6. and 7. Teeth and Dental Plaque
Because the enamel that coats our teeth is 97 percent mineral, human chompers are sturdier than bone and more likely to survive in the archaeological record. DNA sequences sourced from our ancient ancestors’ teeth have been critical to experts’ understanding of the human family tree. In 2010, for instance, genetic material from a wisdom tooth discovered in Siberia helped scientists identify the Denisovans, a little-known group that shared a common ancestor with both Neanderthals and Homo sapiens.
If a tooth is coated in plaque, all the better (though a dentist might disagree). When it isn’t cleaned away by diligent brushing, plaque hardens into a substance known as calculus, which starts to fossilize while we’re still alive. The gunk traps food, bacteria, and DNA—about 25 times more DNA than bone or teeth themselves. In 2017, scientists announced that they had sequenced the genome of a microbe stuck in Neanderthal plaque. That microbe, Methanobrevibacter oralis, seems to have been swapped between Neanderthals and anatomically modern humans, suggesting that the two were prone to smooching.
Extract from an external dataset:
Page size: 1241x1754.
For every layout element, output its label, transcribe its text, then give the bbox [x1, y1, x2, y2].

Ancient Egyptians took great care to preserve the bodies of their dead, yet scientists once struggled to extract DNA from mummified remains. It was believed that Egypt’s scorching climate, and possibly the embalming process, destroyed genetic material—but the application of new sequencing techniques has shown that DNA does in fact survive in the bones and teeth of ancient mummies. For instance, genetic material sourced from the molars of two mummies that were entombed side by side suggested that the deceased were half-brothers; they shared the same mother, but likely had different dads.
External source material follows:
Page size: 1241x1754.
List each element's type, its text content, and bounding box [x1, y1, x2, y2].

Hailing from a much colder part of the globe is one of the world’s most famous mummies: Ötzi the Iceman, who was murdered and died in the Italian Alps some 5300 years ago. Ötzi’s body was naturally mummified by the frigid climate, and genetic material from his pelvic bone helped scientists create a near-complete sequence of his DNA, revealing that the “Iceman” may have had brown eyes, lactose intolerance, and a genetic predisposition to heart disease. Researchers have also tracked down some of Ötzi’s very distant, living relatives; 19 people in Austria were found to share a unique genetic mutation with the ancient mummy.
9. Edible Plants
Certain fruit, vegetables, and grains have made long journeys from their wild origins to modern plates, and DNA analysis can help scientists trace convoluted paths of crop domestication. The evolution of corn, for instance, began about 9000 years ago in Mexico, when farmers began selecting for favorable traits of a small, tough plant called teosinte. But by looking at the DNA of 11 ancient plants, along with the genomes of 100 varieties of modern maize, researchers discovered that "proto-corn" was carried to South America before the domestication process was complete, with the final stages occurring independently in multiple locations.
Watermelon leaves discovered in a 3500-year-old Egyptian tomb had a similarly fascinating story to tell. In contrast to their domesticated cousins, wild watermelons are not particularly palatable; their flesh is white and bitter. But a partial genome sequence of the ancient leaves showed that a gene dictating this bitter flavor had been disabled, as had a gene that sees the red pigment lycopene converted to another substance. In other words, watermelons were domesticated by at least 3500 years ago—and ancient Egyptians were snacking on sweet, red fruits very like the ones we know today.